With regard to shifting P/M DMA, there's no direct way to do it as the chip is hardwired to route the vertical counter to the lower address bits. Thus, sneakier ways are required:

• Using HSCROL or mode 9/10 to force abnormal playfield DMA to overlap the P/M DMA slots. This is of limited use because it burns a lot of cycles to set up and for the abnormal DMA, and the address is the AND of the playfield and the P/M DMA addresses.
• Forcing abnormal playfield DMA in lieu of the P/M DMA slots, by also turning on P/M DMA only in GTIA. This allows DMAing into missiles and two players using playfield DMA, but still takes a bunch of cycles and trashes the other two players.
• Fooling GTIA into false P/M DMA slots triggered by the display list fetch instead of ANTIC fetching missile DMA, and loading player 3 off the LMS high byte. Arguably useless, you can't have a playfield.
• Fooling GTIA into false P/M DMA slots triggered by the display list fetch, then loading missiles and/or players off of _CPU_ cycles.
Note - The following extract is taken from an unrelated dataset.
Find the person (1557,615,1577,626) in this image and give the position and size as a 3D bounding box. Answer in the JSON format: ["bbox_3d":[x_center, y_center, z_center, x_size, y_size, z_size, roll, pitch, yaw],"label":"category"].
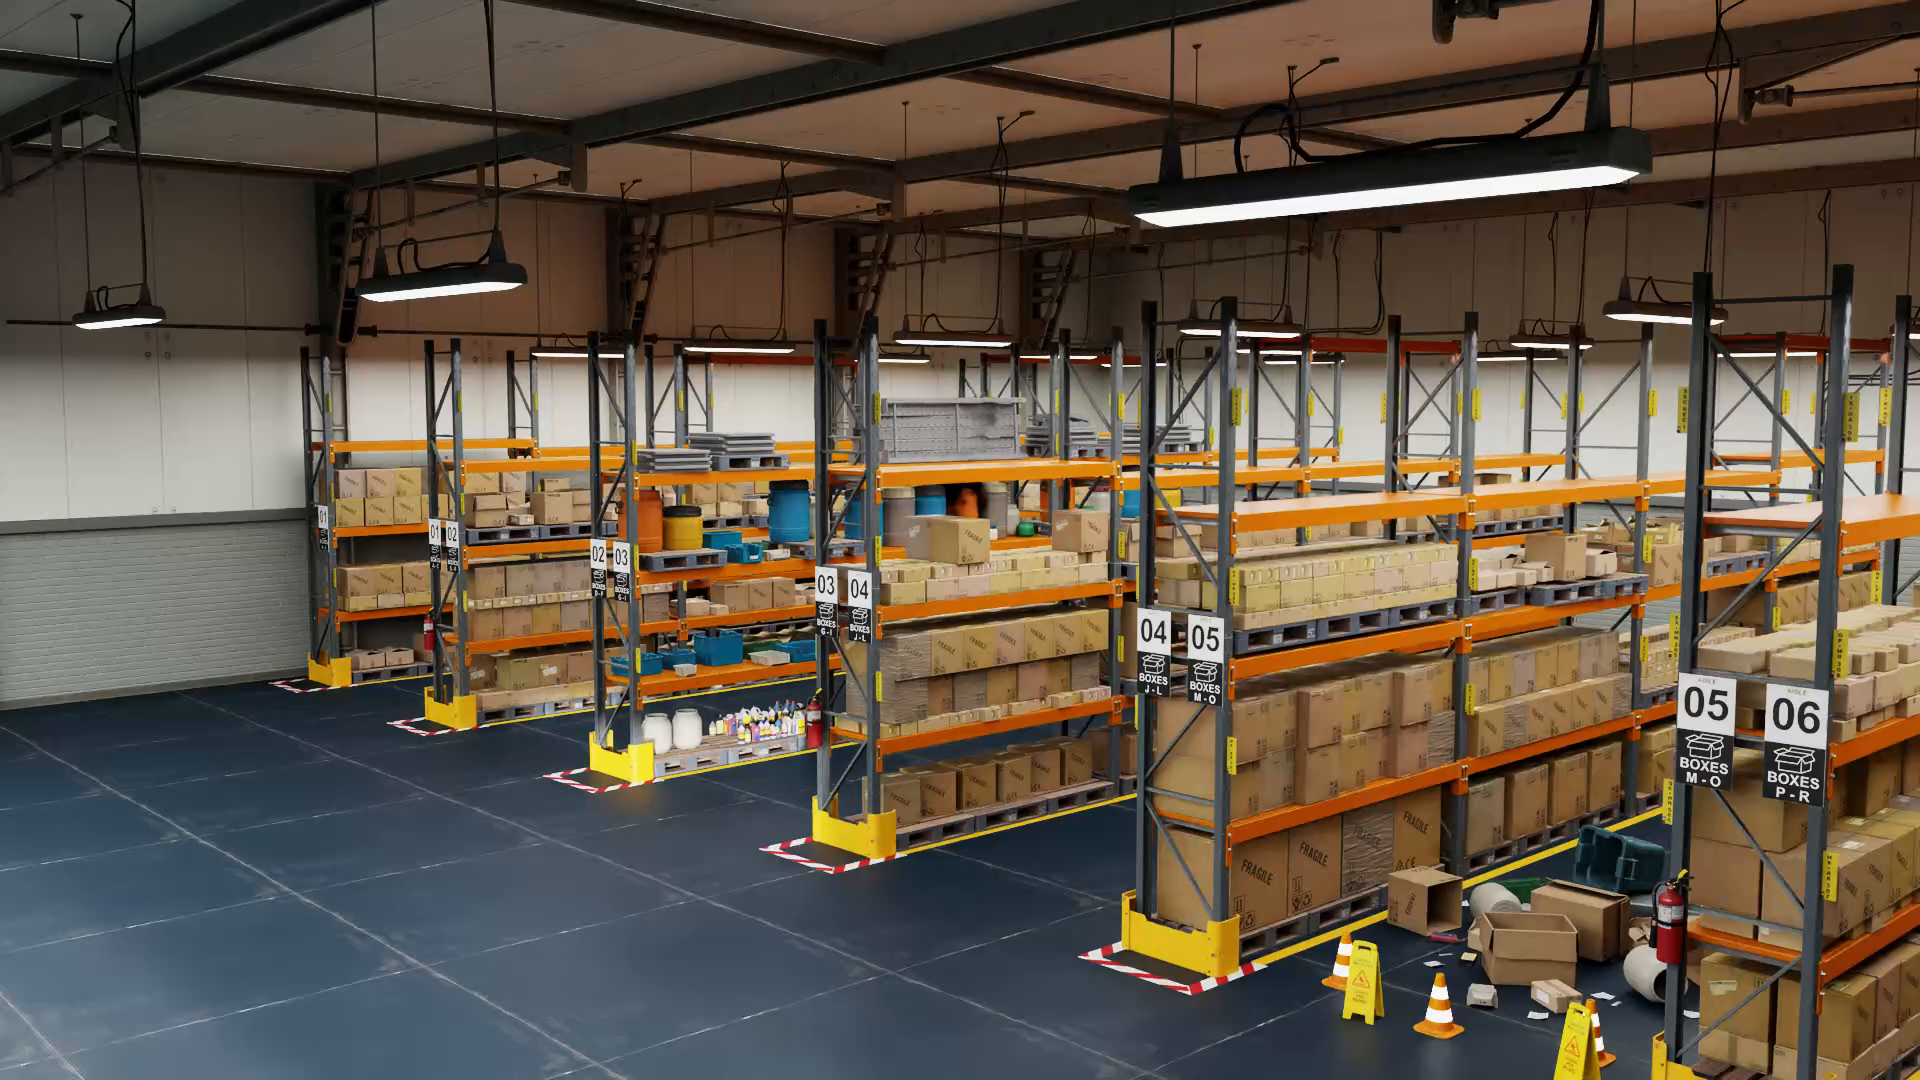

Might be useful in limited circumstances where a kernel is already in use, since objects can be loaded for free or almost for free as a side effect of CPU read/write cycles.
• Fooling GTIA into false P/M DMA slots triggered by a display list LMS fetch without an IR fetch. Haven't checked whether GTIA allows P/M fetch to start this late, and LMS-only fetch is also difficult as it requires either toggling display list DMA at the right time or using vertical scrolling to stretch a jump instruction.

 

[Rybags]

The other immensely useful Antic trick, though maybe not a bug exploit and in some uses it's just following the textbook decription is the VScrol trick.

Shorter characters, longer characters, extra height for bitmap modes.

[reifsnyderb]

With Antic reverse engineered, has anyone made a replacement chip on an FPGA?

[Rybags]

Not that I'm aware of... but do we have total knowledge of the internal workings?

 

With GTIA we have 2 that I know of - Sophia 2 is a complete dropin replacement.  VBXE duplicates much of what GTIA does (graphical output) but omits many things and has some anomolies with it's graphics also - I believe GTIA colour only mode doesn't work properly and I don't think it replicates the behaviour where changing a PM object size at the right time can make it display solid for the remainder of a scanline.

 

But, among the custom chips it's probably the least required.  Pokey has been done also but not sure if 100% complete/replicated and they are becoming scarce and in demand for stereo/quad usage.  GTIA generates the display output so logical that we'd have that for RGB and digital output options.

Antic - there's not really any great advantage in using a replicated one vs original.  But there's probably huge scope for an enhanced Antic - think stuff like blitter, extra graphics modes etc.

[reifsnyderb]

 

3 minutes ago, Rybags said:

Not that I'm aware of... but do we have total knowledge of the internal workings?

Are there parts of the schematic posted earlier in this thread that aren't complete?